Dreams are very complex things. Scientists have a hard time trying to understand why people dream. Although recently, neurosurgery's precise methods of research and invention of sophisticated electrical appliances, have enabled the scientists to increase their knowledge of the human brain, nervous systems, and the body's biochemistry (Strachey 20). The invention of the electroencephalograph, otherwise known as an EEG, has made it possible for a trained operator to read the brain's reactions during wakefulness, rest, and sleep (Schneider). The machine detects and enormously amplifies the very faint electrical impulses produced by the brain; placing electrodes against subjects scalp (Freud). "Professor Nathaniel Kleitman of Chicago university, discovered that babies have a sleep rhythm of fifty to sixty minutes after which they are inclined to wake up, although obviously they can't always" (Freud).

As children grow, the body begins to develop the ninety-minute cycle associated with adult sleepers. The pattern of sleep is acquired and controlled by environmental and social conditioning. However, as people grow older the body tends to revert to the nap time habits of babyhood (Freud). Yet, though people more or less choose when to sleep, the basic ninety-minute rhythm remains. It is biological and not controlled by consciousness, rather as a healthy person's metabolism functions autonomously (Parker 93). "Eugene Aserinsky noticed that after an infant fell asleep it's eyes moved beneath the closed lids.

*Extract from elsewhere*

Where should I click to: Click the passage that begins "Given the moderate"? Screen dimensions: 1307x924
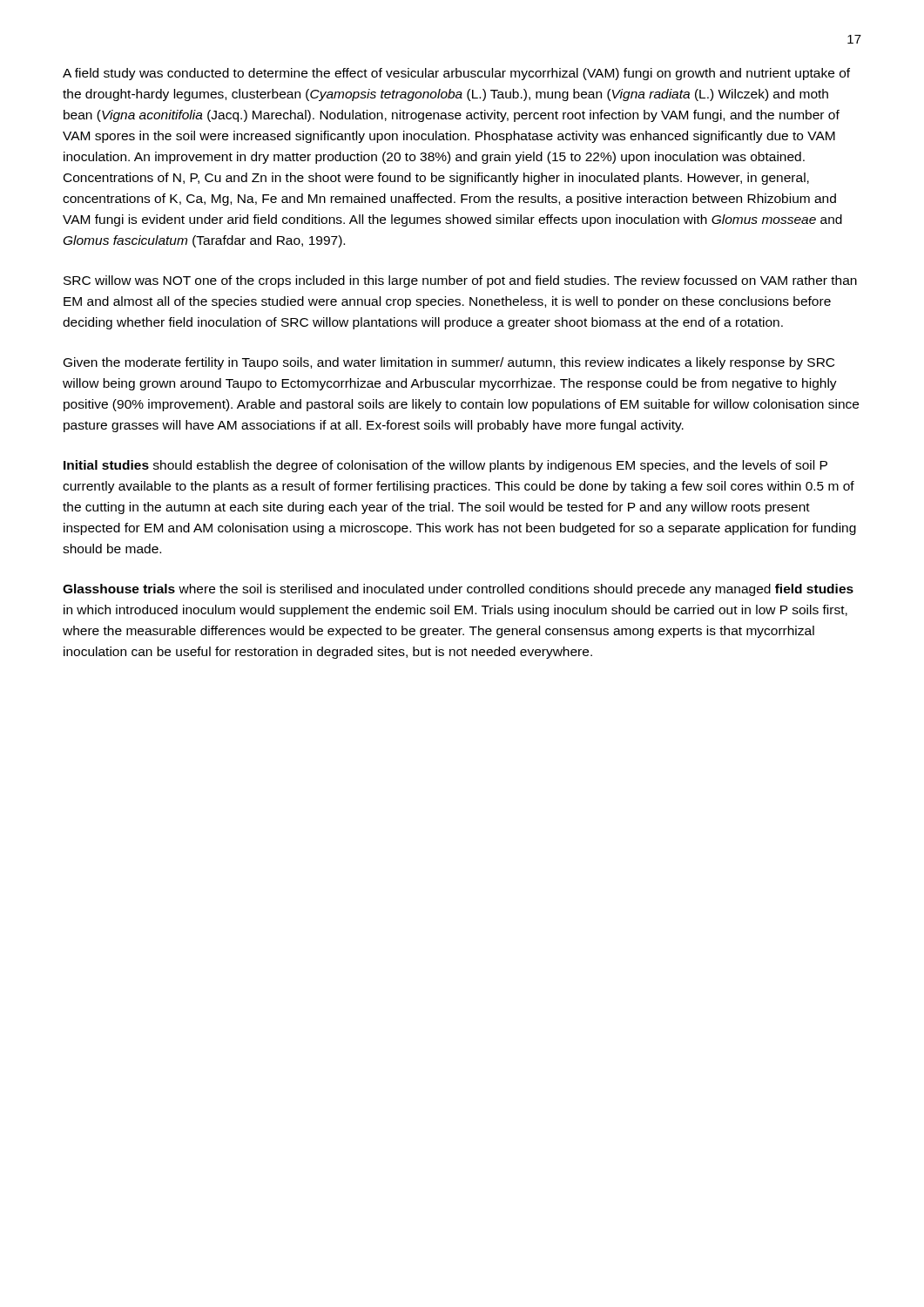pyautogui.click(x=461, y=394)
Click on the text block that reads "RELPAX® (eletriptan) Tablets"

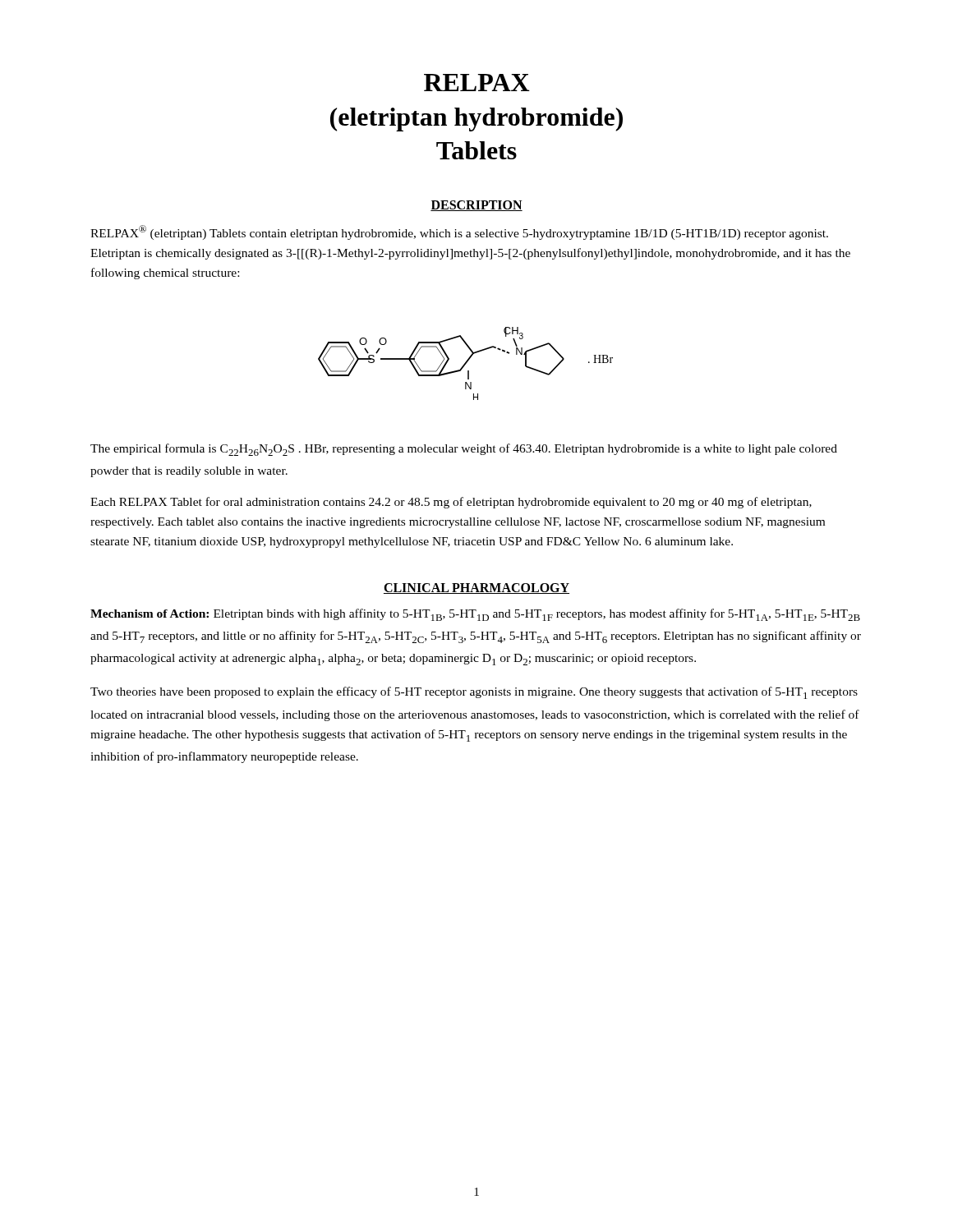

Also, at intervals during sleep and was the first movement when the baby began to wake" (Freud). Kleitman and Aserinsky decided to investigate whether such a pattern could be found in adult sleepers as well (Freud). By attaching extra electrodes from the EEG machine to areas around volunteer sleeper's eyes, the two scientists were able to monitor brain impulses and movements, while measuring respiration and body movements (Freud). The scientists concluded that there were two types of eye movement. Slow as found in babies and very fast movements, this could last from a few minutes to over a half an hour (Freud). These rapid eye movements, which are commonly known as REMs appeared to occur at intervals throughout the night (Beare).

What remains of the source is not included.